Feature caching proposal: CachedDynamicItem#2985
Feature caching proposal: CachedDynamicItem#2985Adel-Moumen merged 12 commits intospeechbrain:developfrom
Conversation
|
I like it! @Adel-Moumen what do you think? Do you know how fast it is? I'm thinking about extraction of very large datasets. |
I think, so far, this is the 'cleanest' proposed implementation that is the most aligned with SpeechBrain principles. @pplantinga, I think it would be nice to extend this proposal by supporting different storage backend. In this proposal, you've used Additionally, I think if we want to push this PR in our recipes, I would say that in practice, we should do it in two stages: 1. data extraction and saving, 2. training. This way, the second stage can increase the batch size with respect to the gain in VRAM by removing the feature extractor from GPU (e.g. SSL encoder like HuBERT). Of course, this will depend on the recipe (e.g. FBanks do not need to be done in two stages). But, maybe we can discuss about how we want to implement this feature in recipes? cc @TParcollet Finally, I propose for each proposed PRs to list all the supported features (e.g. multiple backends for storing), pick the one we think should be implemented in SB, close the PRs, implement theses features within this PR. I don't think we should keep the alive as I think your's is much better (congrats!). |
|
After looking at the 3 different PRs, I think we can close them all. What I would just keep in mind is that it would be better if we could:
|
I have not tested this, but the speed is potentially a limitation of this dataset-based approach, as the samples cannot be batched together (caching is done in data pipeline before the batches are created). But the dataset only has to be iterated slow-ish once and never again, so perhaps this is an acceptable cost for the ease of use? Also, there may be a clever way to get batching here that I haven't yet thought of.
I've added an h5py backend, was quite straightforward to add, take a look! But along with this, a question: should h5py be added to SpeechBrain dependencies, or should this be migrated to
I have updated the speakerid template to do this in two stages which allows |
Since we are not claiming to be a SOTA toolkit for production-ready systems (e.g. trained on 1M hours of speech), I think it's ok not to have batching support. Of course, this can be a bit painful on some datasets e.g. LibriLight, but I don't think this should be a major blocker. Also, I tend to think that for speech tokens (e.g. extracted from codecs), the dataset iteration won't be optimal as you are using a large VQ-VAE system to extract the representations, therefore you want to use a bsize>1 to speed up the process. But, this is not necessarily a major blocker as I have been extracting speech tokens using bsize=1 and it was ok (you just need to scale a bit more the grid of GPUs). So I don't think what you are proposing is the 'best' trade-off we can make between SB identity and efficiency.

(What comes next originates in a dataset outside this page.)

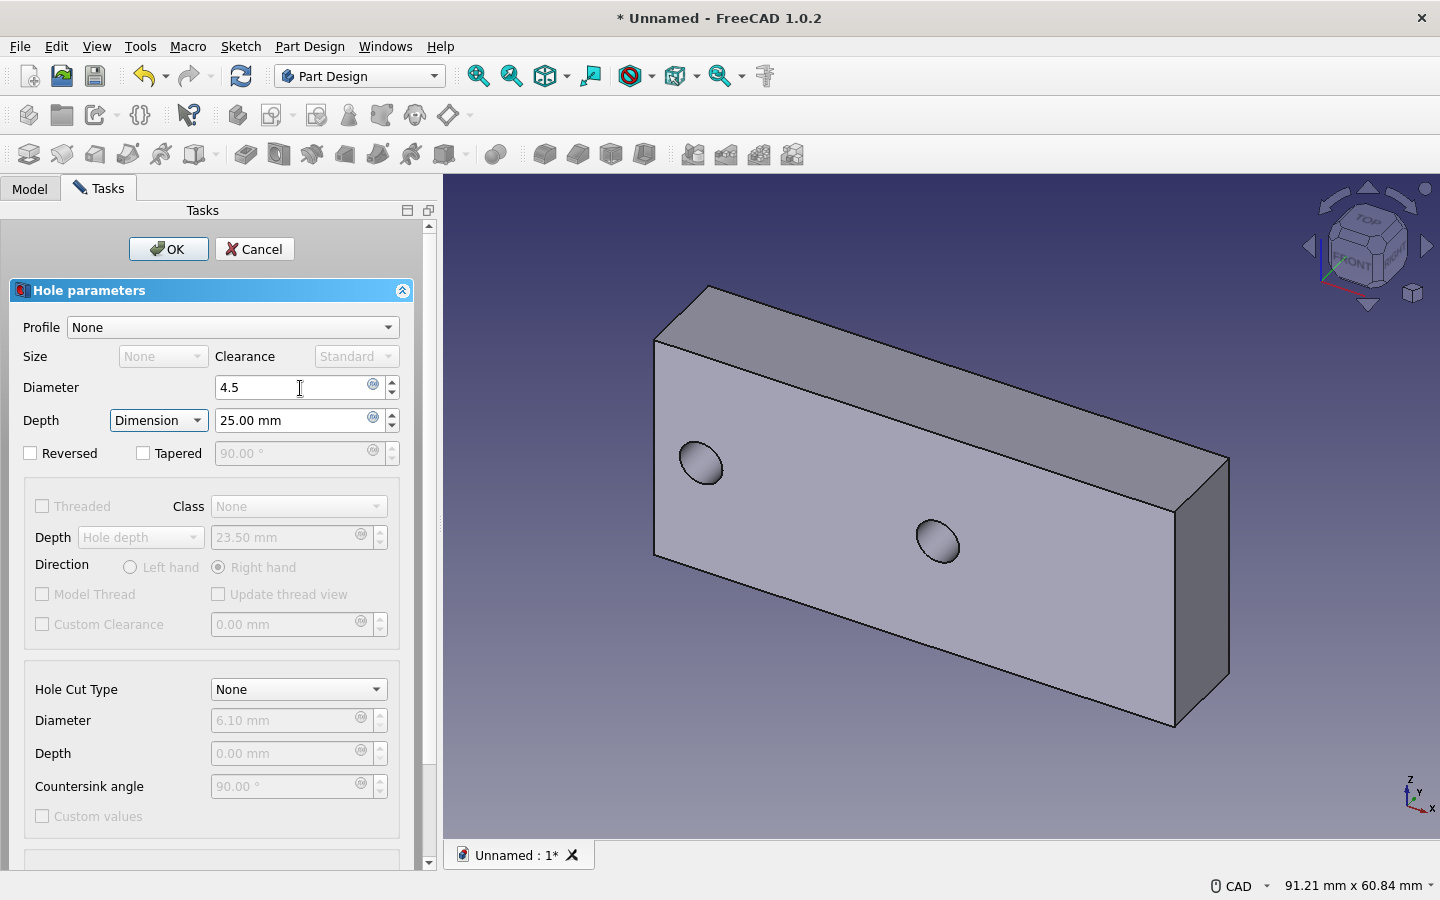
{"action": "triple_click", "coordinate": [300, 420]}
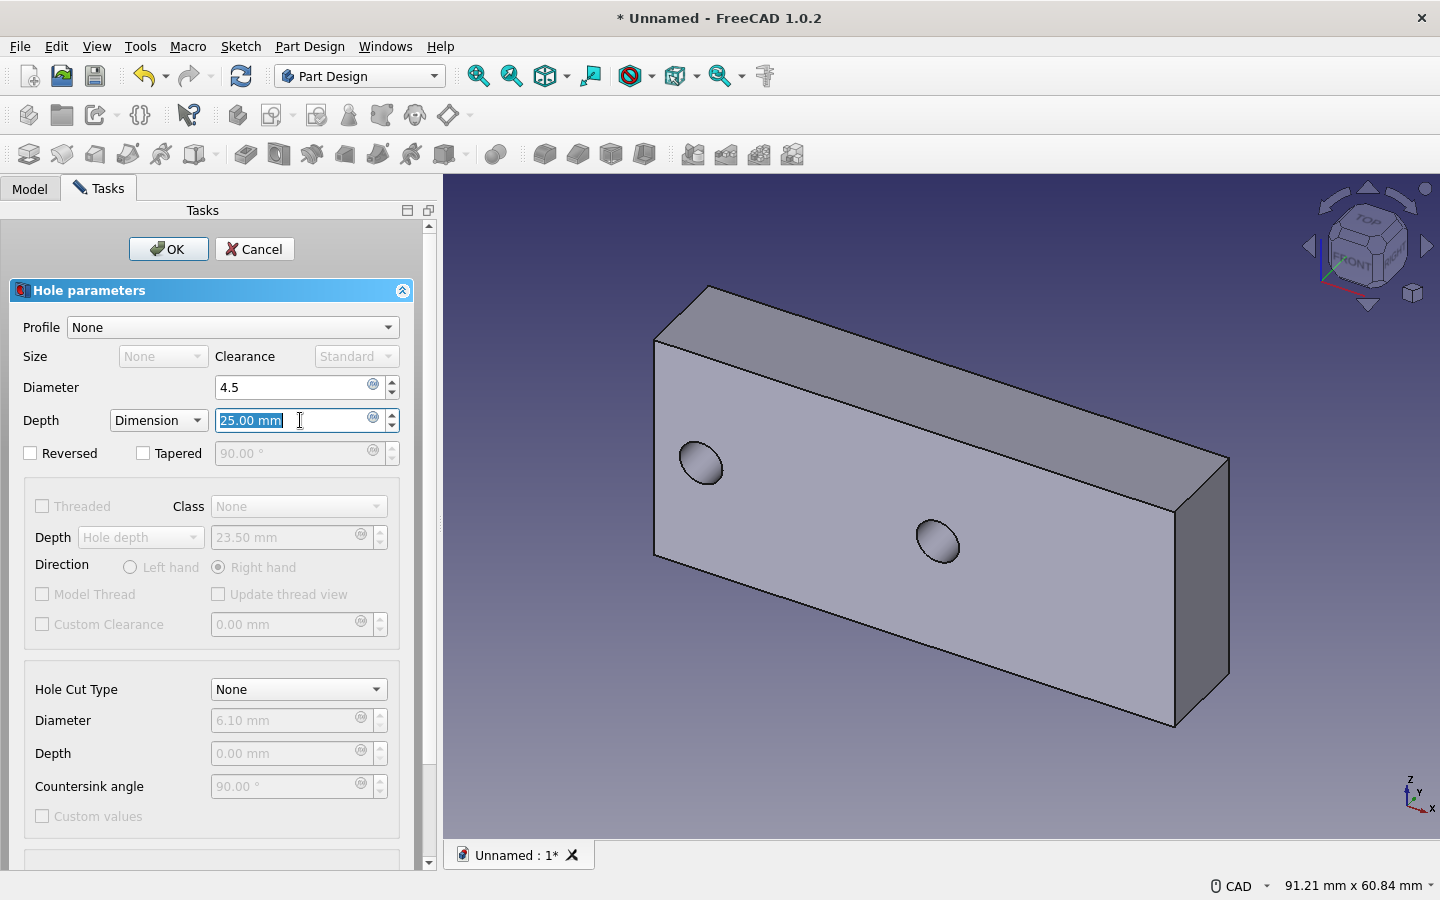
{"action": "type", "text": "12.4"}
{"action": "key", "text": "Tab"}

I would say One note is that, I think I do really like the design! I would say we can already start integrating tests within this PR, as I don't think we should expect major re-design.
Yup.
What are you thinking about? |
|
Okay, the hdf5 backend is in the integrations folder and there is a function to warm the cache with optional progressbar.
Do we need this on top of hdf5 which already provides bucketing?
Can't this just be done by converting the features to the desired type within the DynamicItem function?
The doctest already gives 84% coverage (see the README) but do you think we need unit tests here as well? All my questions are just trying to determine what is really needed here |
Btw, I was thinking but I actually don't think we are constrained by the batching thing. The current caching decorator check if the
Not necessarily!
Yes, but it's less clear I believe unless we force the casting e.g. |
|
Hey @pplantinga, do you know what is missing from this PR? Thanks--- |
|
@Adel-Moumen Do we need a tutorial here? |
|
Also, possibly some testing with DDP |
|
Check here to see the section I added about the cached pipeline: |
|
I ran a very basic test on DDP and didn't see any immediate issues. I guess since each process is using different data, this should be fine. For the hdf5 integration, the cache should be built ahead of time, so no worries there on the DDP front. I'd say this is good to go, unless @Adel-Moumen has other comments / suggestions. |
|
Thanks @pplantinga ! This is a great new feature in SB. |
Do we really need yet another proposal for feature caching? We already have:
and possibly others. However, each of these changes 10+ files, adding new recipes just for feature extraction. Instead, this proposal is simpler and I think fits the design philosophy of SpeechBrain better.
The core idea: just add
@cache(directory)to data items that should have their result cached. That's it. The result of each dynamic item is stored in a file, computed lazily, and can even be computed on GPU -- although there are some limitations here that could be discussed.Let's take this proposal against the others and decide which offers the best functionality vs. ease-of-use trade-off.